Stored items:
┄┄┄┄┄┄┄┄┄┄

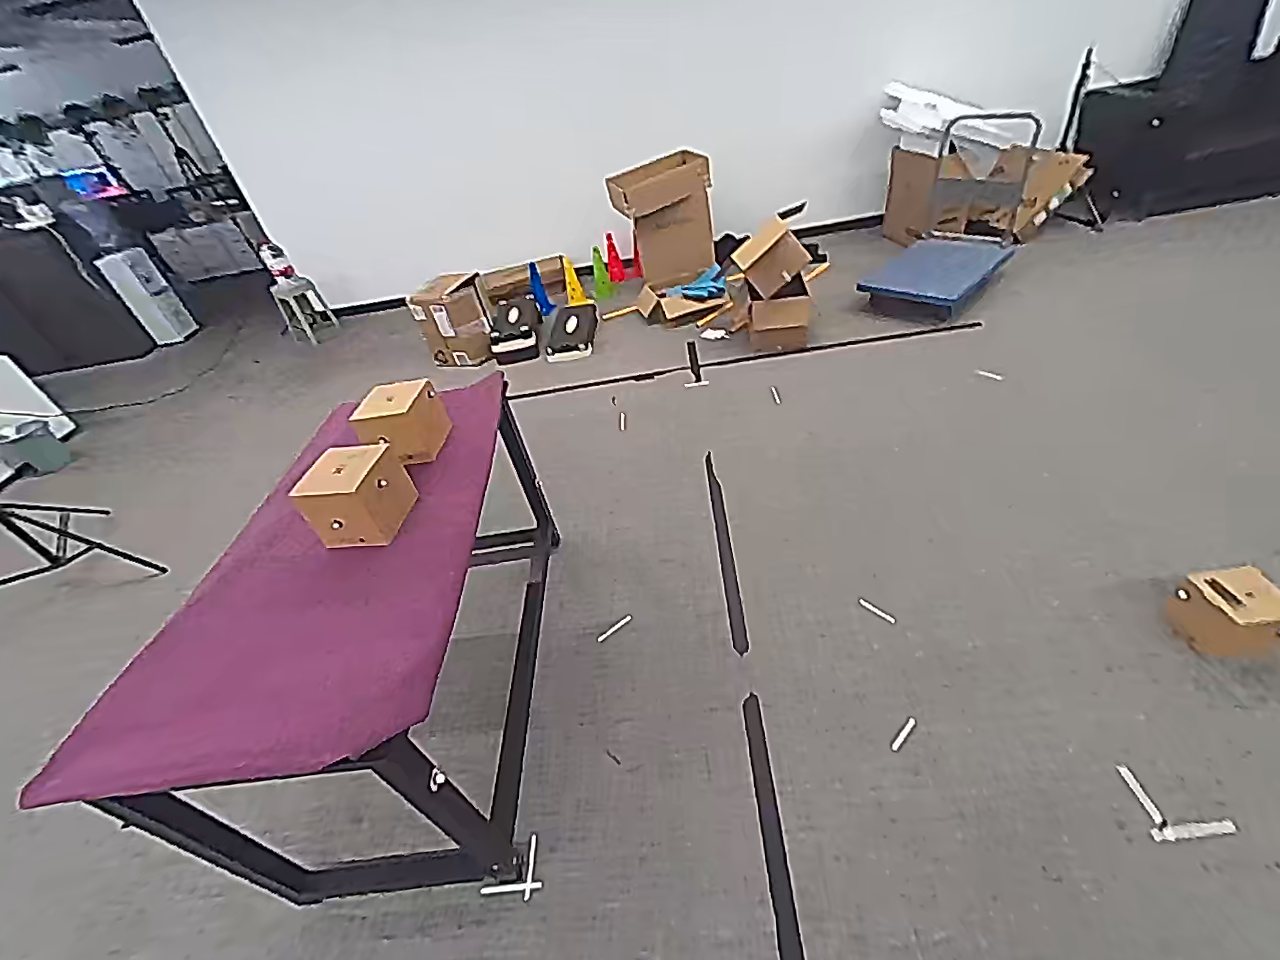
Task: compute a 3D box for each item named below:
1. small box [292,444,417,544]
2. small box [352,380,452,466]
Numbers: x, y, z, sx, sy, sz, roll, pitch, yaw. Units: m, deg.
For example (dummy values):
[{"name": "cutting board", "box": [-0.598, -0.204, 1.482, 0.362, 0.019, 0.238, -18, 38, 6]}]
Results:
[{"name": "small box", "box": [-0.655, 0.038, 1.269, 0.168, 0.176, 0.179, -3, 39, 10]}, {"name": "small box", "box": [-0.648, -0.152, 1.500, 0.168, 0.176, 0.179, -7, 39, 8]}]
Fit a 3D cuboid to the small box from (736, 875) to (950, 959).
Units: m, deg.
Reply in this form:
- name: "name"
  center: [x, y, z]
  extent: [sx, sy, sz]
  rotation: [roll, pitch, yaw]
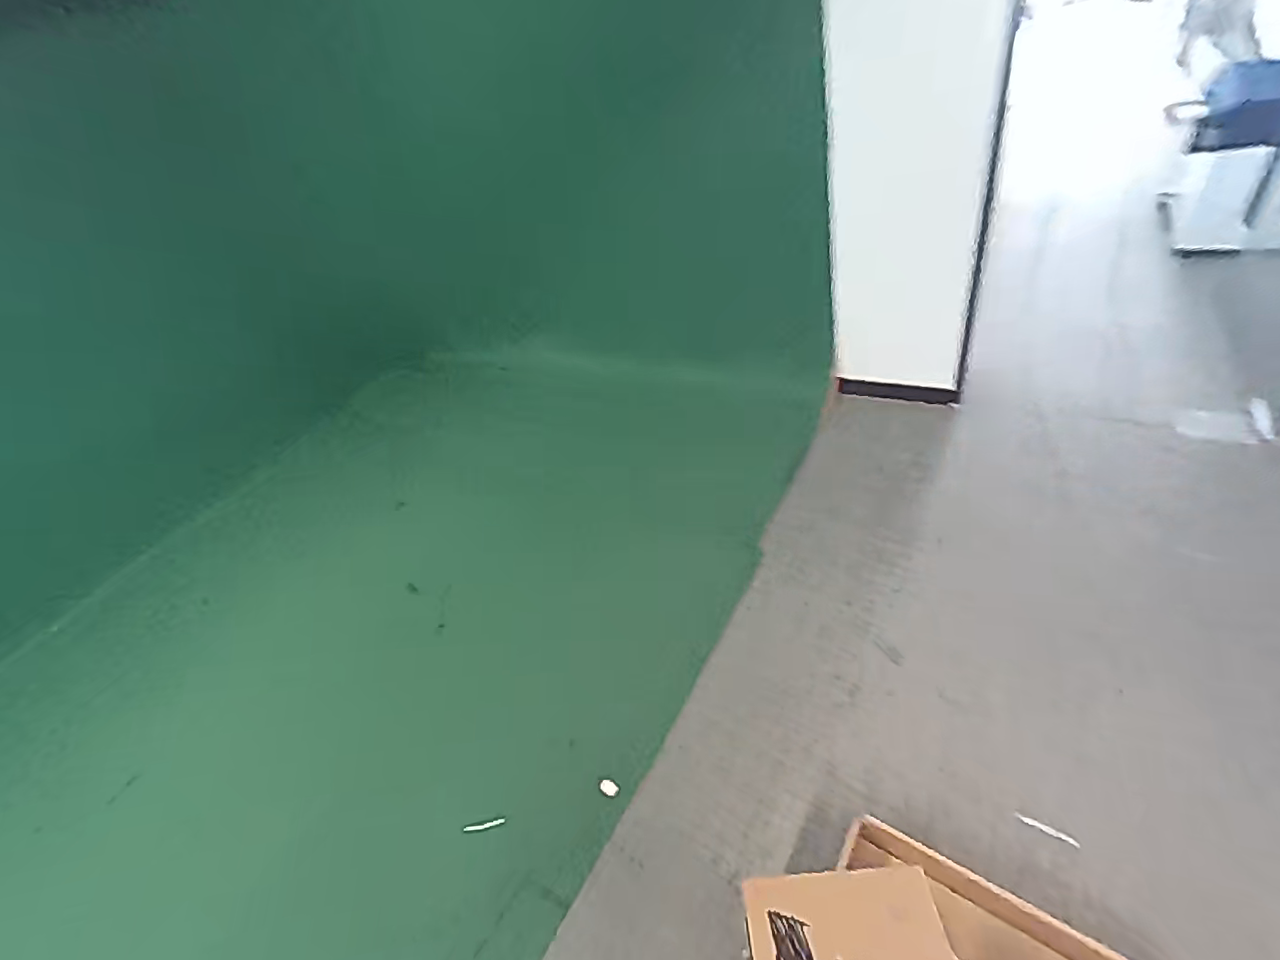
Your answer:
- name: "small box"
  center: [0.194, 0.496, 0.499]
  extent: [0.179, 0.176, 0.168]
  rotation: [-9, 37, 6]
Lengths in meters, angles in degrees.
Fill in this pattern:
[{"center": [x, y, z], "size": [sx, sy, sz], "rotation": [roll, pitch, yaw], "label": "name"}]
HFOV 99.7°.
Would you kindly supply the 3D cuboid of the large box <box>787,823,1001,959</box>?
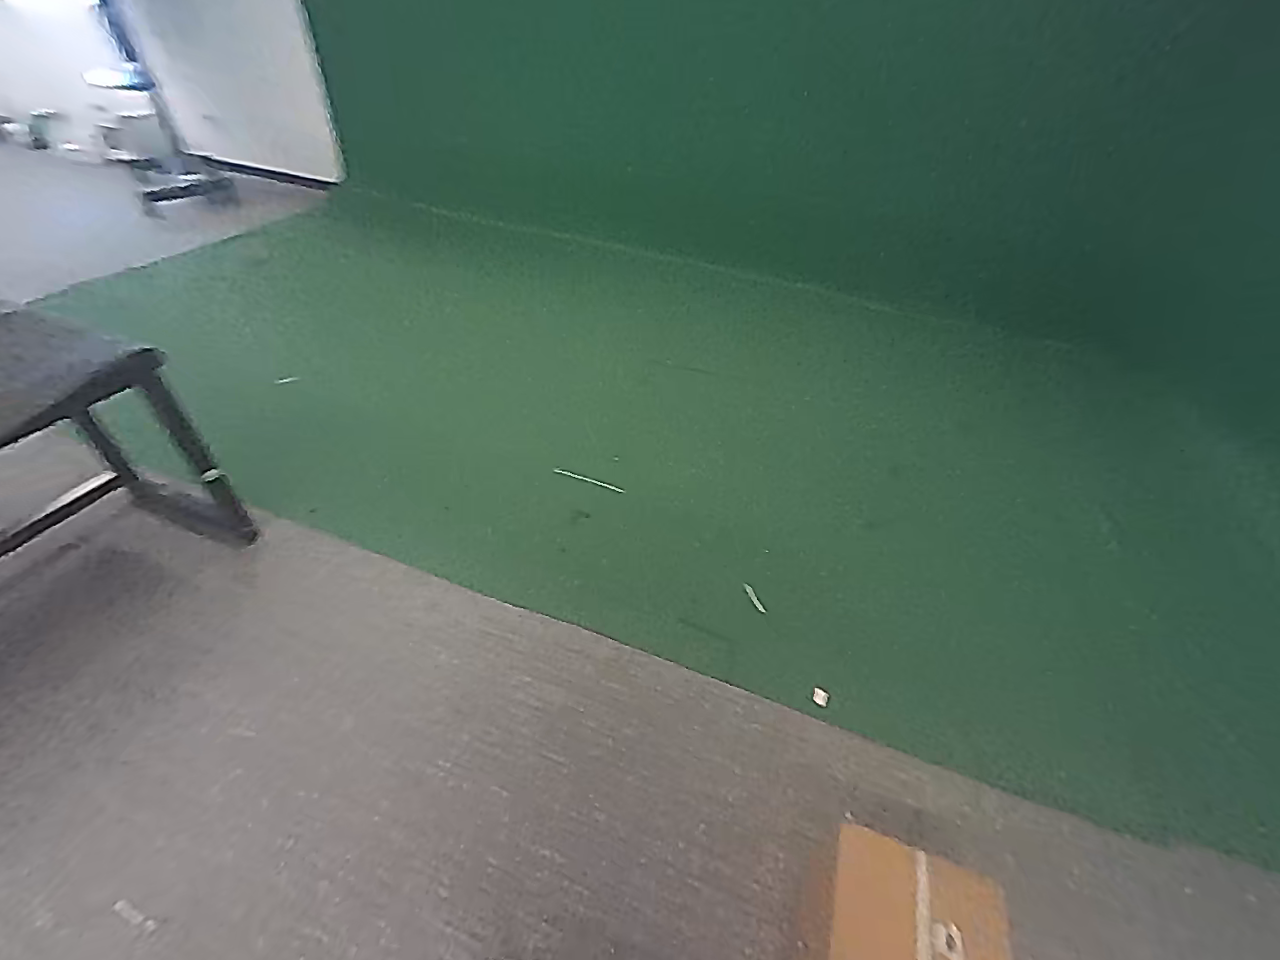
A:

┄┄┄┄┄┄┄┄┄┄

Filter the entries by the string "roll" and copy each matching line.

* **Task response**:
Numbers: x, y, z, sx, sy, sz, roll, pitch, yaw. Units: m, deg.
  rotation: [roll, pitch, yaw]
[{"center": [x, y, z], "size": [sx, sy, sz], "rotation": [roll, pitch, yaw], "label": "name"}]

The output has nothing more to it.